And "market scheming" does nothing to drive up prices- quite the opposite.
The Nethergoat Archive: all my memories, all my characters, all my thoughts on CoH...eventually.
My City Was Gone
Mmm...
If you want to really place inflation in a head-lock, and even reverse the cost of salvage, recipes, and IOs; you would need to institute sources of such goods outside of the traditional market (WW/BM).
Notice that the costs of red and yellow salvage is to an extent placed under restrictions thank to AE and your ability to trade tickets for salvage. If AE would offer white salvage as well, it would also clamp on the white salvage cost inflation and ruthless manipulation we see today.
Notice you can buy standard enhancement recipes at the university, thus the cost of that recipe is effectively capped. It may make sense to have the IO set recipes also available to thru the university as well, thus hard capping the prices for IO recipes. I would suggest an entirely different thread to determine what a fair price for the various types of recipes would be.
AE somewhat addresses the recipe thing, but since it is a random recipe drop for the exchange of tickets, its kinda pointless from the position of getting what you really need at the level you really want. Perhaps the ticket amount you can store can be significantly increased to accomodate a true exchange of tickets for recipes of your choce and level, aka like we can do with Merits.
The Merit system is another way to acquire recipes with out using the market, if the preponderance of the players would do this instead of using the market; I would predict the prices at WW/BM would commence to drop.
Alignmernt Merits works in the same way as Merit System, its just a different way to acquire the merits for trade.
Vanguard Merits, are kinda useless in this regard. Perhaps they could also be made tradeable for salvage and recipes, but once more I suggest a different thread be started to discuss what the trade rates should be.
As you can picture, there is already an almost comprehensive set of systems that allows us to circumvent the market, and avoid the ravages of inflation and player greed.
My dissertation on how I make money, is simply an example of using those already in game systems that allows us to not use the market.
The basic principle, stop using the market! Thus demand plumets and so will prices will have to follow.
I do not support measures to deny players the ability to store influence, items, or what not when the market system can be circumvented all together.
The devs have all kind of ways to fix this as well, if inclined. A sudden increase in the drop rate of the good recipes would have shocking repercusions on the bloated market prices for instance.
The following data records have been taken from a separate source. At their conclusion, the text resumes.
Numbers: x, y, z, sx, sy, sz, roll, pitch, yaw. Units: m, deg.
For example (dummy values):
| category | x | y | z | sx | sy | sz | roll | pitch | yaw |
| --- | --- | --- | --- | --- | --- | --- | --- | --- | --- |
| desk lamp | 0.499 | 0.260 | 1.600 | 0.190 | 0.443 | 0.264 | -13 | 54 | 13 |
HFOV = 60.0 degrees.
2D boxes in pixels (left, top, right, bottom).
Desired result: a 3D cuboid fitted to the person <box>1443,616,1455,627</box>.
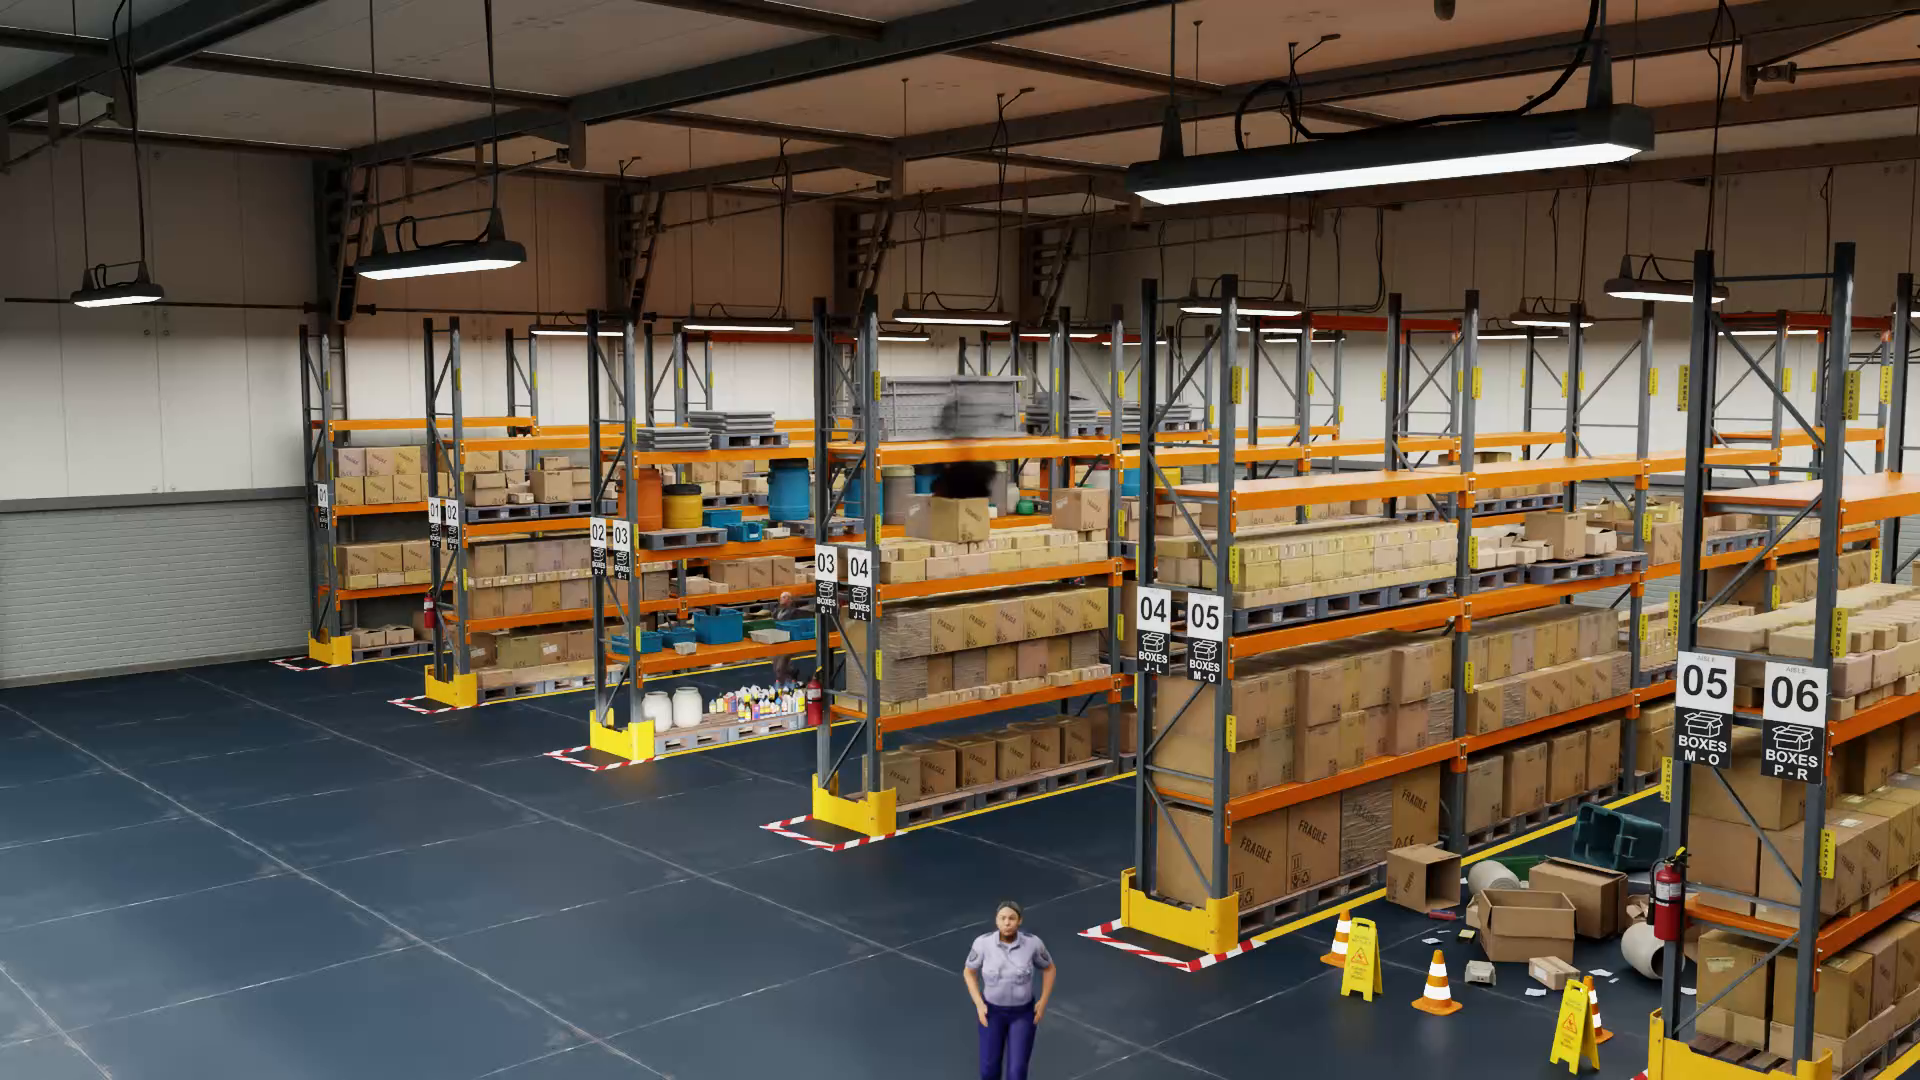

After all market prices are a function of supply and demand, if the devs provides ample supplies, then the price would obviously drop.
Hugs
Stormy
Or, Stormy, more simply just place a bid you are willing to pay, go play and have fun, come back after some time, and collect said item. I see too many people saying prices are crazy. But if they showed some patience, they can get what they want much cheaper.
I don't think the 'frequency' of drops will actually solve this problem... cause I will bet most people will hoard the 'valuable' stuff, ie. alchemist silver that usually is expenisive, and red salvage especially (I know I hoard them cause I don't wanna pay 3,000,000 for a diamond) and with the talk of even more storage space the problem will probably get worse not better.
Ok.. that was a dollars worth.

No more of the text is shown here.